How do you make innovation everyone’s day job? Teresa Giuffrida, Mirvac’s group general manager of innovation, spills the tea.
Mirvac was already on a steep innovation trajectory before COVID-19, but the pandemic created the conditions for fast and furious innovation and has “supercharged” people’s desire to think differently, Giuffrida says.
“The rapid of rate of change in 2020 gave us that capability lift and new insights into our customers.”
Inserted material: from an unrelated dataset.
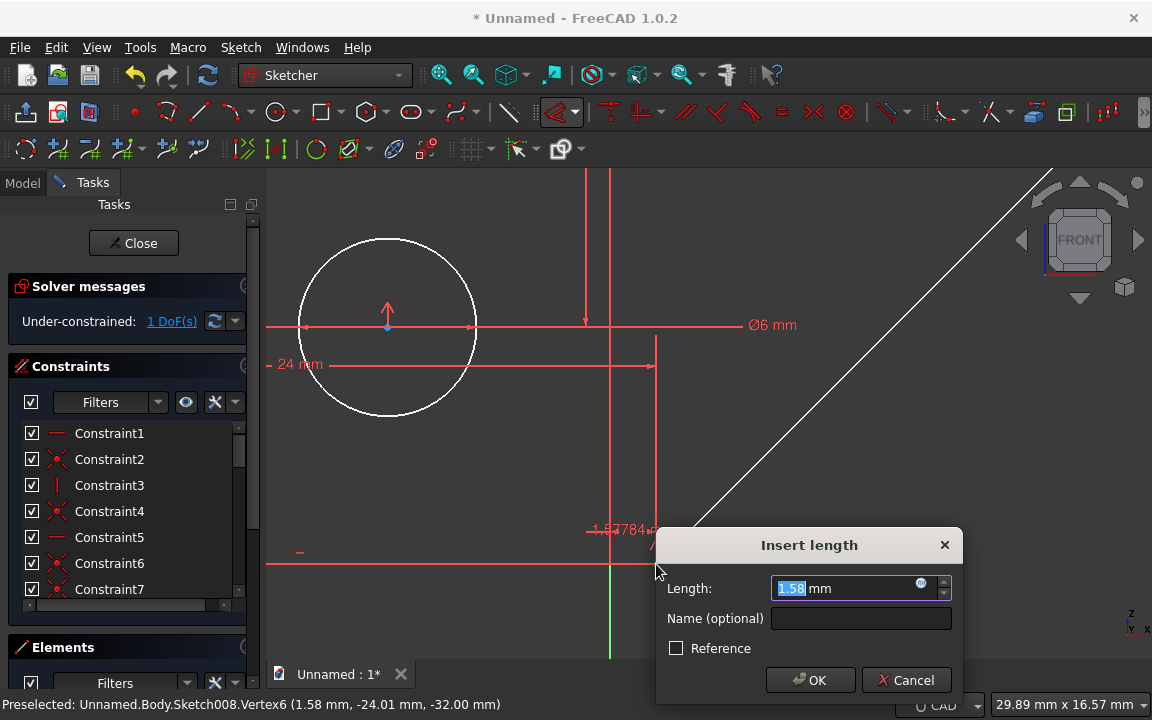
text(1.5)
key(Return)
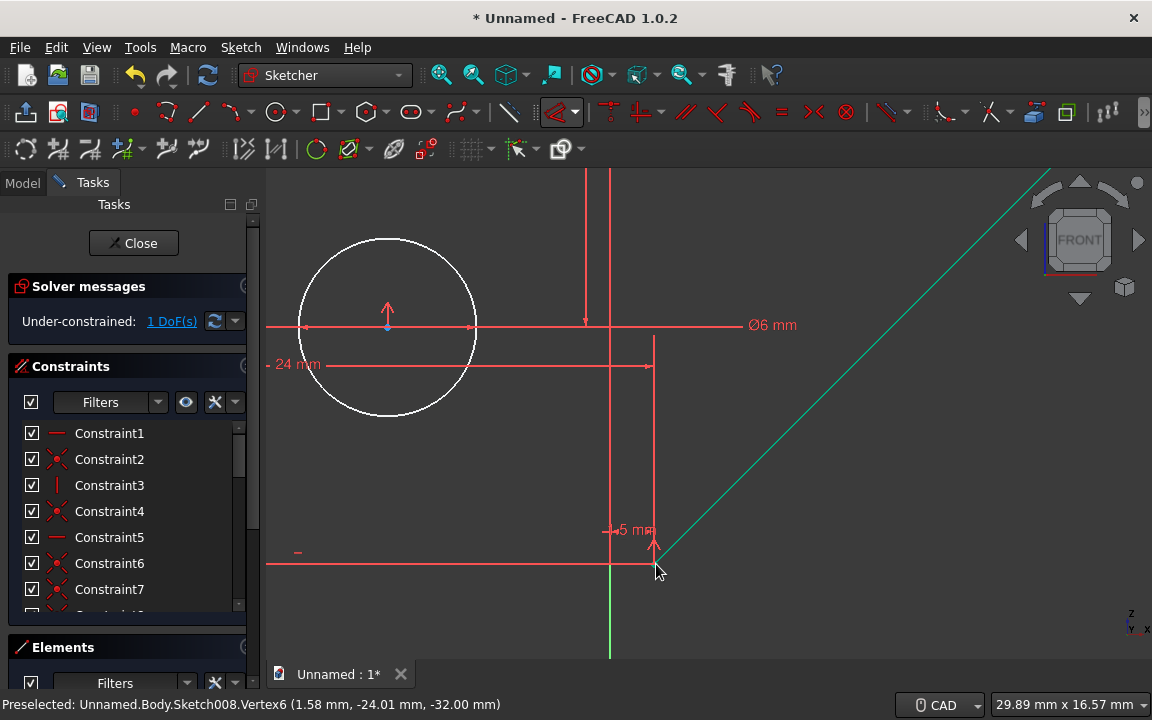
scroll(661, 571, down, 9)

Giuffrida leads Hatch, a team established in 2016 to drive a culture of innovation throughout Mirvac. While many innovation teams are established as standalone business units, Hatch partners with Mirvac teams to identify and solve customers’ problems. While developing disruptive innovations will always be a part of Hatch’s mandate, “we balance this with a strong focus on embedding innovation so that it’s part of Mirvac’s DNA,” Giuffrida explains.
Hatch’s approach to innovation has broken down the perception that innovation is an elitist or enigmatic activity reserved for a select few. Anyone can approach Hatch with a challenge, problem or opportunity. The Hatch team then helps to identify a creative solution using a proven innovation methodology.
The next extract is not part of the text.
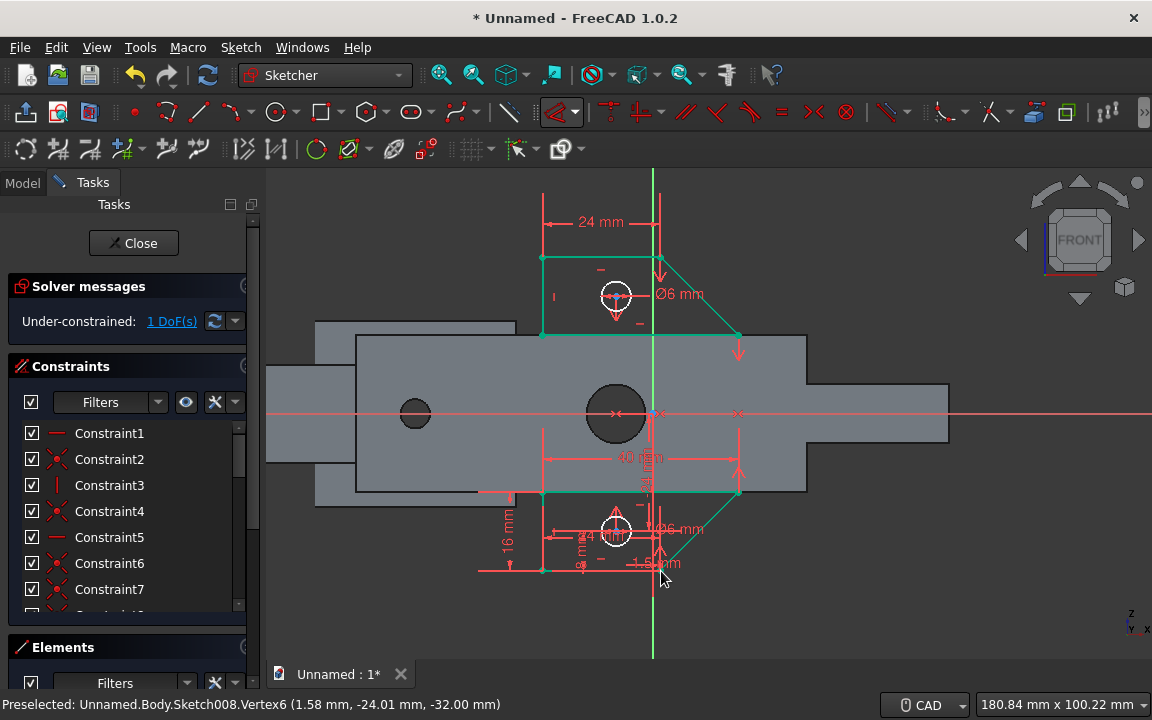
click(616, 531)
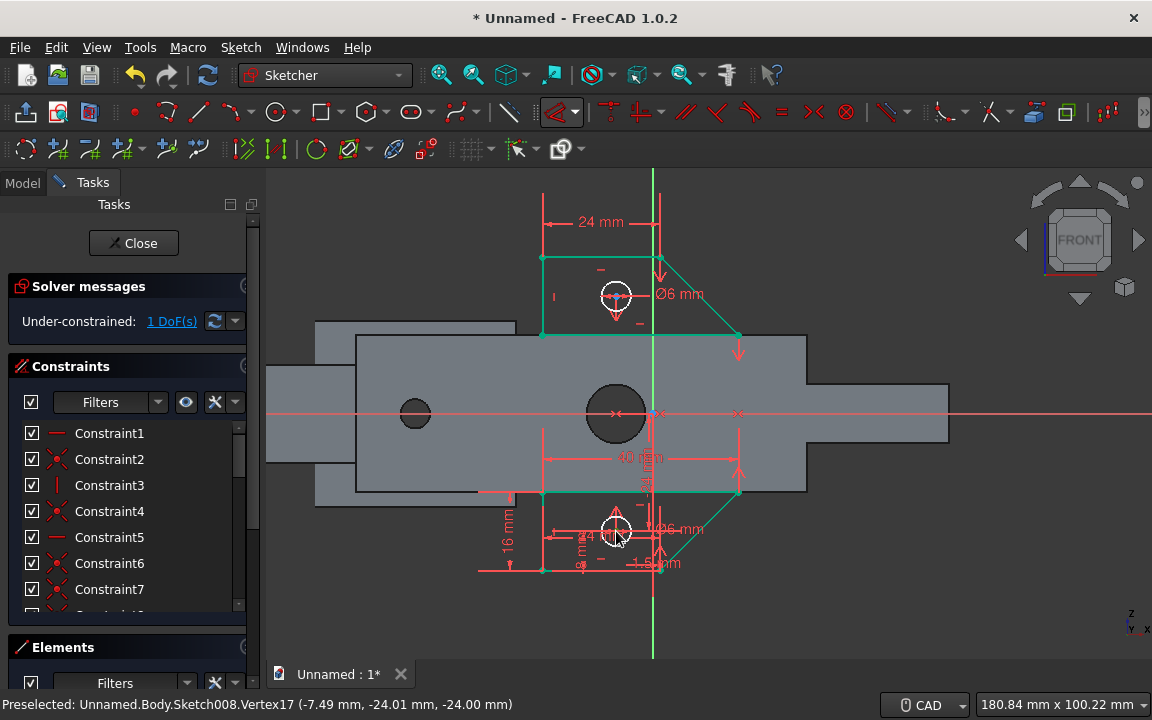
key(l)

Hatch also recruits innovation champions who receive intensive training to understand the end-to-end innovation process. So far, a quarter of Mirvac’s workforce has been trained in Hatch’s innovation methodology, and more than 100 business projects have applied Hatch’s innovation methodology.
Mirvac’s approach to innovation has already delivered dividends. The Australian Financial Review has recognised Mirvac as the most innovative property and construction company for the last two years, applauding two game-changing projects, Cultivate and BuildAI.
Cultivate converts unused urban spaces, like carparks and basements, into food-producing ecosystems. Urban farms at two Sydney offices, 200 George Street and 275 Kent Street, were used to grow a range of produce. Office workers in both buildings learnt about sustainable food while local cafés harvested the mushrooms, leafy greens and microgreens, cutting down food miles and packaging.
BuildAI, meanwhile, uses live data from cameras to monitor activity, make building sites safer, and to reduce the risk of workers falling from a height. What started as a Hatch project has since spun out into its own start-up, led by Mirvac’s former senior project engineer Kristian Butcher.
School to supercharge innovation
With more than 100 projects applying Hatch methodology, Mirvac has established the Hatch Innovation Capability Accelerator, or HICA – essentially a “school for innovation” that teaches people the theory and skills they need to run their own innovation projects.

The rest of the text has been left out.